Dataset content>
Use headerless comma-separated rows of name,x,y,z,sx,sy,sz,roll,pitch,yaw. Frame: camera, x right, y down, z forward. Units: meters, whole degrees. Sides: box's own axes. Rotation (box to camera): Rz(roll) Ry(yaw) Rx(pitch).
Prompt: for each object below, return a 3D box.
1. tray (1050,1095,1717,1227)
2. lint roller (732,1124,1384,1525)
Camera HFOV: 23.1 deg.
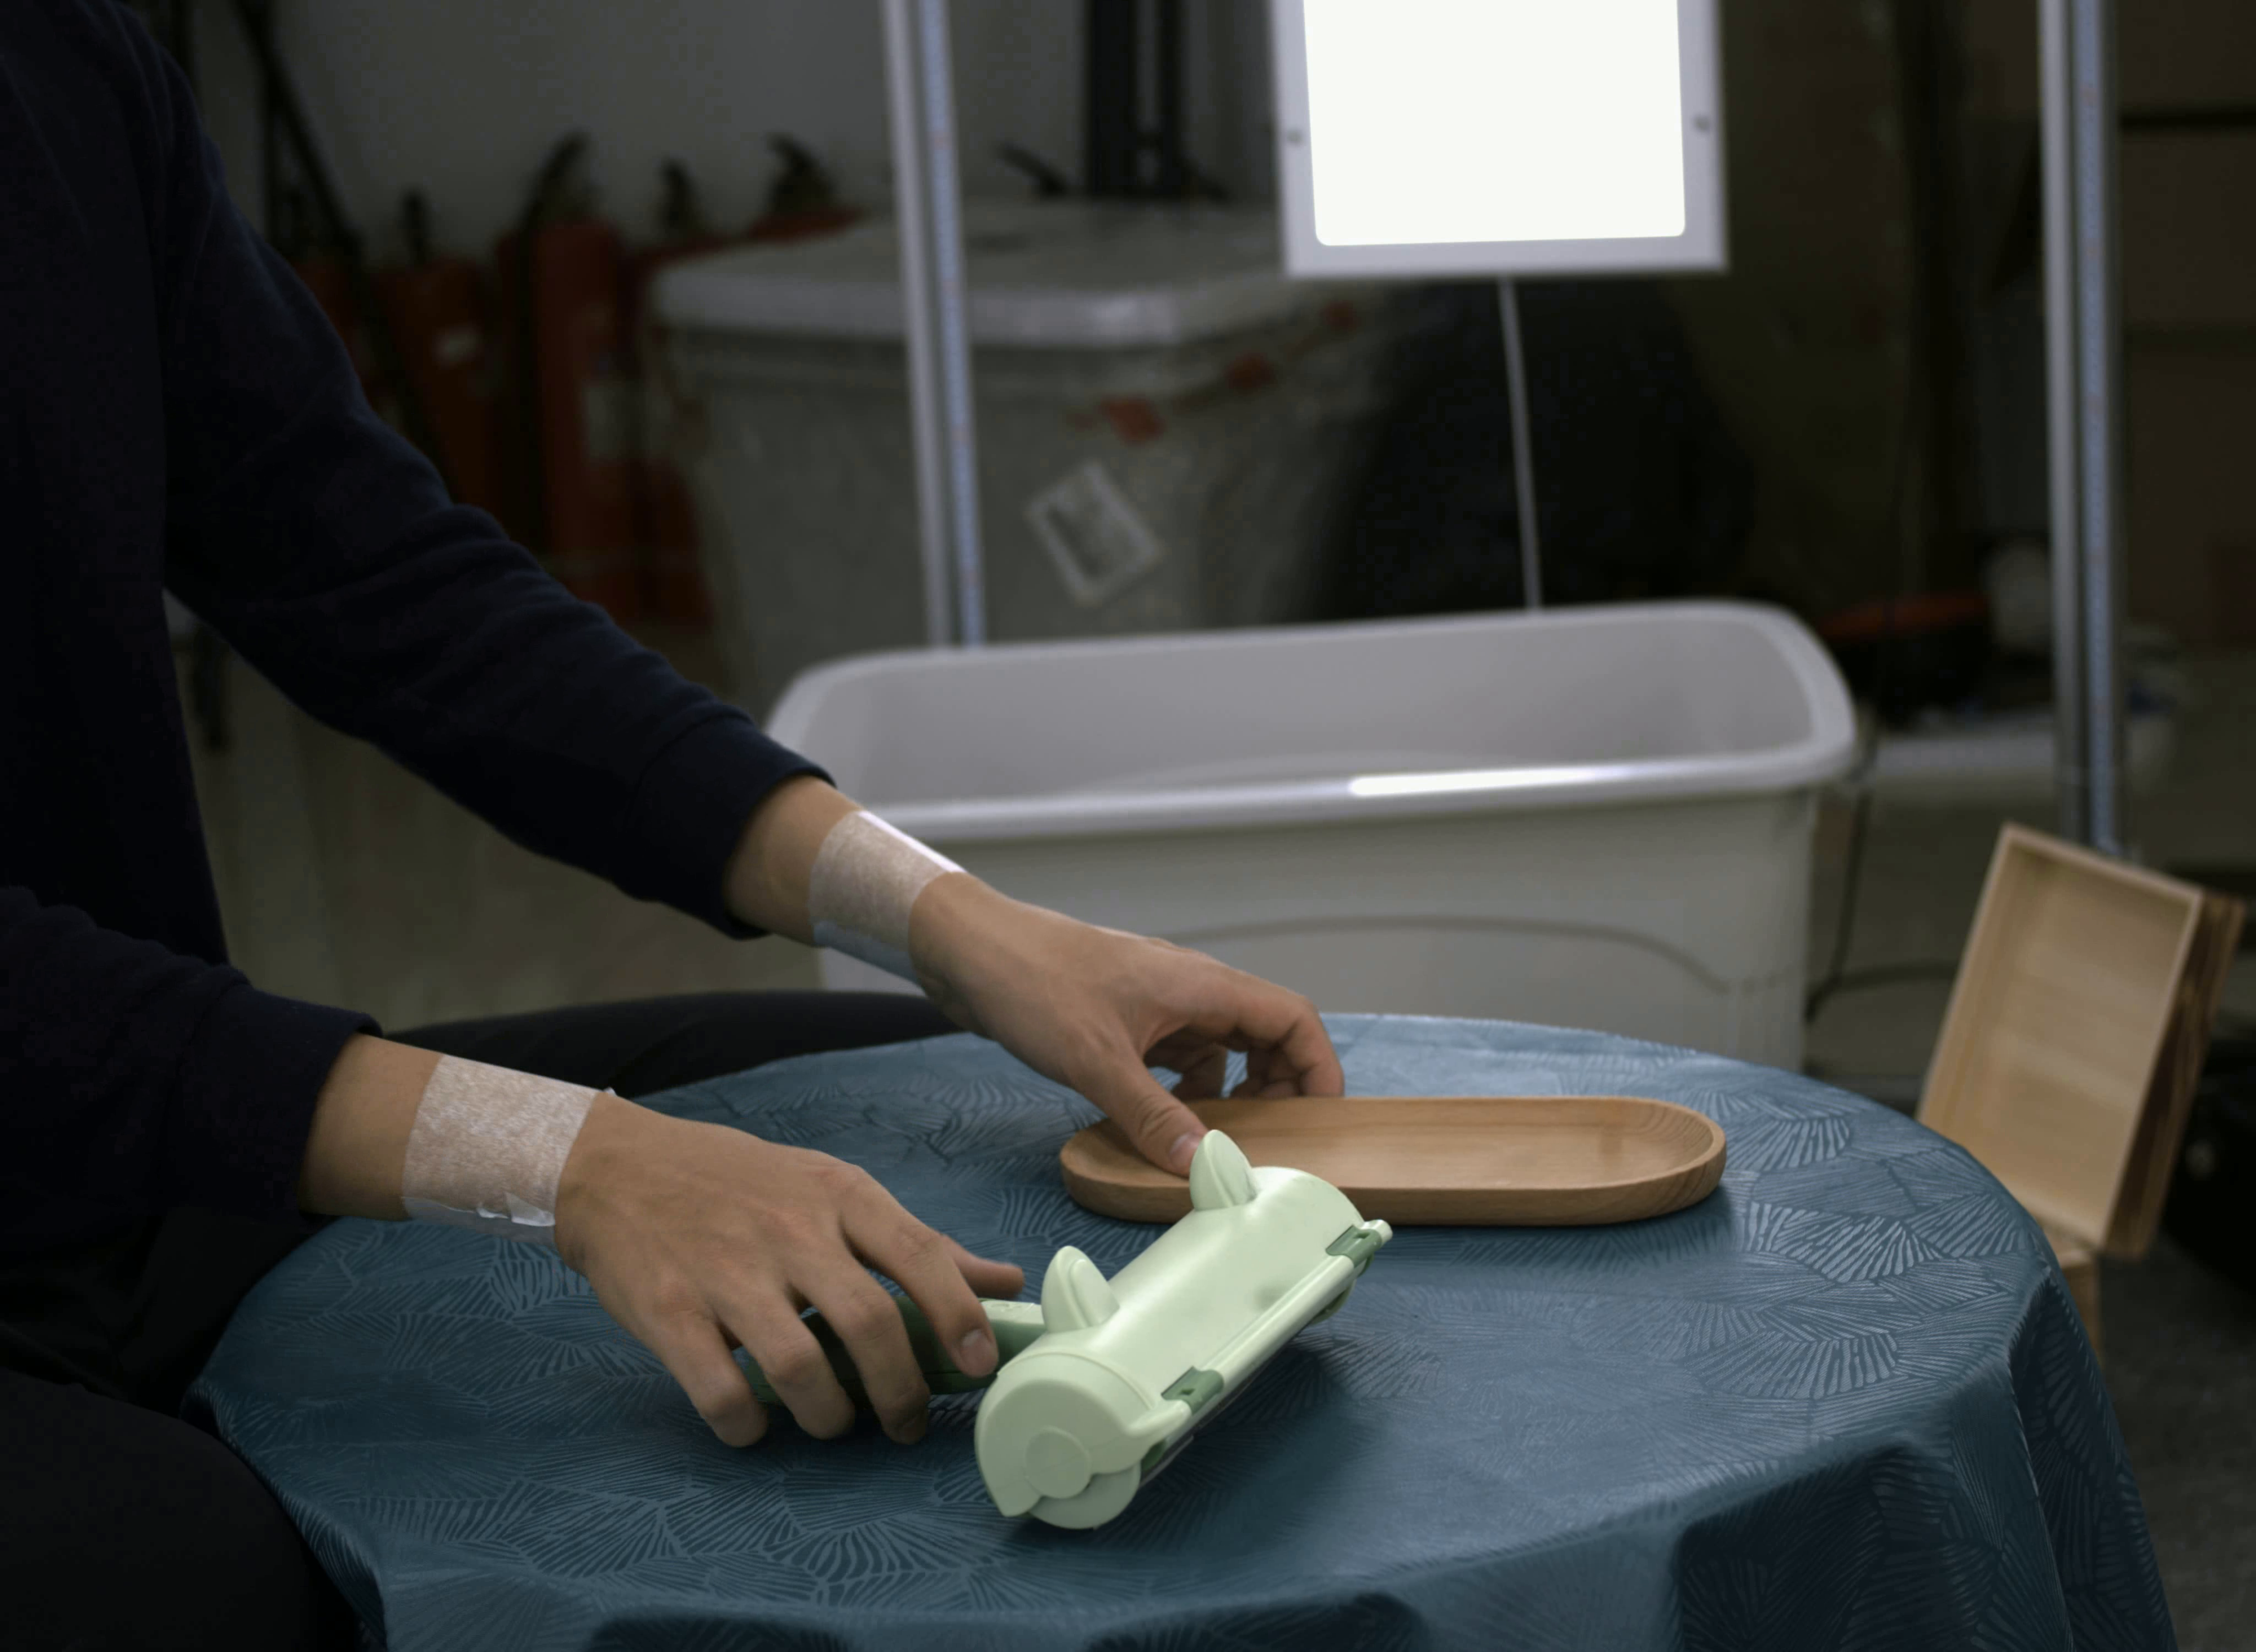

Problem>
What you return should match the records line for line, minus the pictures.

Written answer>
Use headerless comma-separated rows of name,x,y,z,sx,sy,sz,roll,pitch,yaw. Frame: camera, x right, y down, z forward. Units: meters, whole degrees. Sides: box's own axes. Rotation (box to camera): Rz(roll) Ry(yaw) Rx(pitch).
Prompt: for each object below, return a 3D box.
1. tray (1050,1095,1717,1227)
2. lint roller (732,1124,1384,1525)
Camera HFOV: 23.1 deg.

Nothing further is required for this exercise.